То, что А.Белый писал о существовании дообразного смысла вечности - ритма, относимо к этому тексту А.П.Чехова. И здесь не названная, не ограниченная никаким образом-символом, сквозь "настоящее", движется вечность. Уже после Чехова в философии мира как органического целого (Н.Лосский, П.Флоренский) появятся адекватные этому "настоящему" понятия интенсивной бесконечности, длящегося мига.

В рассказе "Мыслитель" А.П.Чехов исследует возможность через оппозицию "тишина - звук" показать остановившееся время. Начинается рассказ с обозначения вертикали: "Знойный полдень". Пустота объединяет через многоточие смыслы двух следующих предложений: " В воздухе ни звука, ни движений... Вся природа похожа на очень большую, забытую богом и людьми усадьбу". Время от полудня до вечера заполнено исчислимым количеством звуков и движений:1. "Да-с! - издает вдруг Яшкин, и так неожиданно, что собака, дремлющая недалеко от стола, взрагивает и, поджав хвост, бежит в сторону". 2. "Слышится помойный плеск и визг облитой собаки".3. " Да-с! - говорит вдруг Яшкин. Пимфов вздрагивает и с испугом глядит на Яшкина. Он ждет от него новых ересей".4. "Начинается громкое хлебанье и чавканье". 5. "За щами следует молочная каша, которую Феона ставит с такой злобой, что со стола сыплются ложки и корки. Пимфов роняет на колени ложку".
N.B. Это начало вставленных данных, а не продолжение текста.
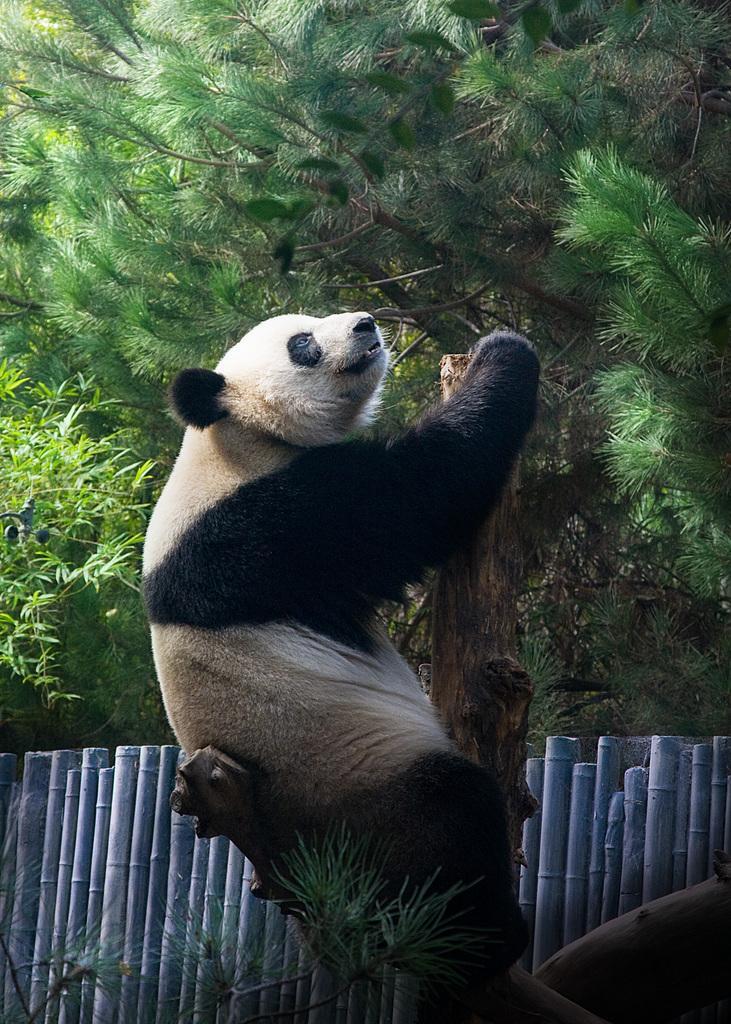Describe this image in one or two sentences. In this image we can see a panda sitting on a tree and there is a wooden fence and we can see some trees in the background. 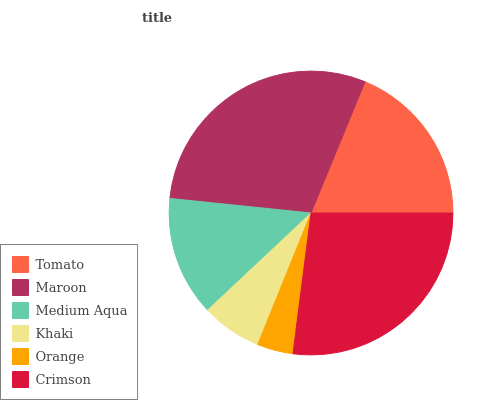Is Orange the minimum?
Answer yes or no. Yes. Is Maroon the maximum?
Answer yes or no. Yes. Is Medium Aqua the minimum?
Answer yes or no. No. Is Medium Aqua the maximum?
Answer yes or no. No. Is Maroon greater than Medium Aqua?
Answer yes or no. Yes. Is Medium Aqua less than Maroon?
Answer yes or no. Yes. Is Medium Aqua greater than Maroon?
Answer yes or no. No. Is Maroon less than Medium Aqua?
Answer yes or no. No. Is Tomato the high median?
Answer yes or no. Yes. Is Medium Aqua the low median?
Answer yes or no. Yes. Is Khaki the high median?
Answer yes or no. No. Is Khaki the low median?
Answer yes or no. No. 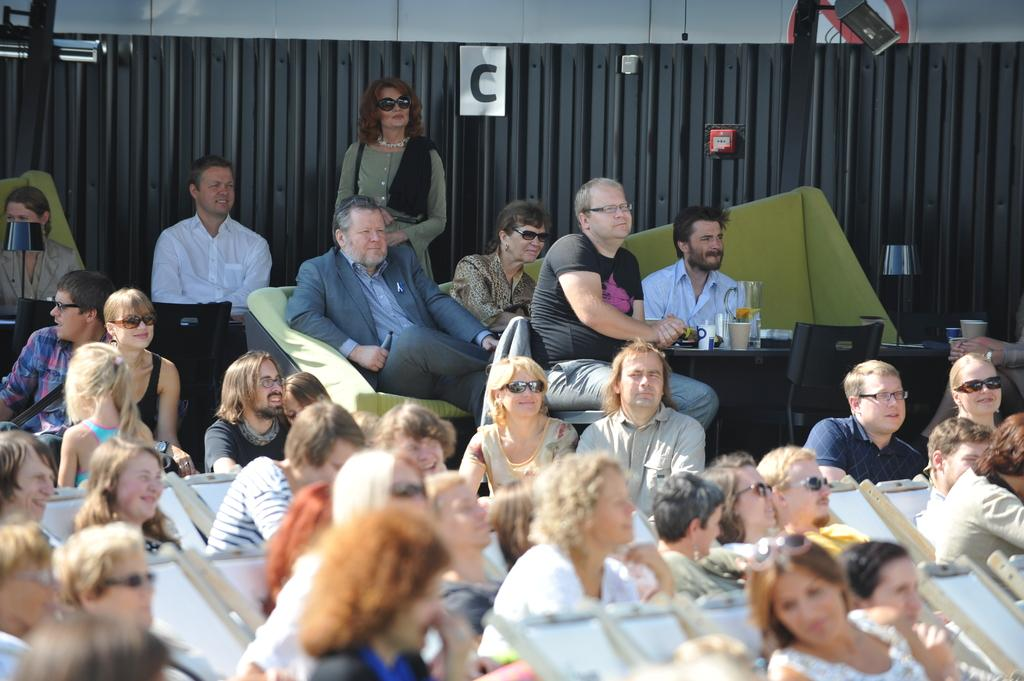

Пятикратный повтор оппозиции "тишина - звук" создает иллюзию ритмического движения художественного времени рассказа. Иллюзию, так как звук, производимый этой жизнью, пуст, обезличен, обессмыслен. Это движение пустоты. Поэтому в следующем предложении нет нарушения тишины. Звуки, производимые людьми, принадлежат ей, обозначая ее собственное бытие и движение: "Наступает тишина, изредка только прерываемая звяканьем рюмок, да пьяным покрякиванием... Солнце начинает уже клониться к западу, и тень липы все растет и растет". Движение тишины и солнца в этом рассказе объединены только многоточием. Нет той противительной интонации, которая соединяла звуки жизни и движение солнца в рассказе "Налим".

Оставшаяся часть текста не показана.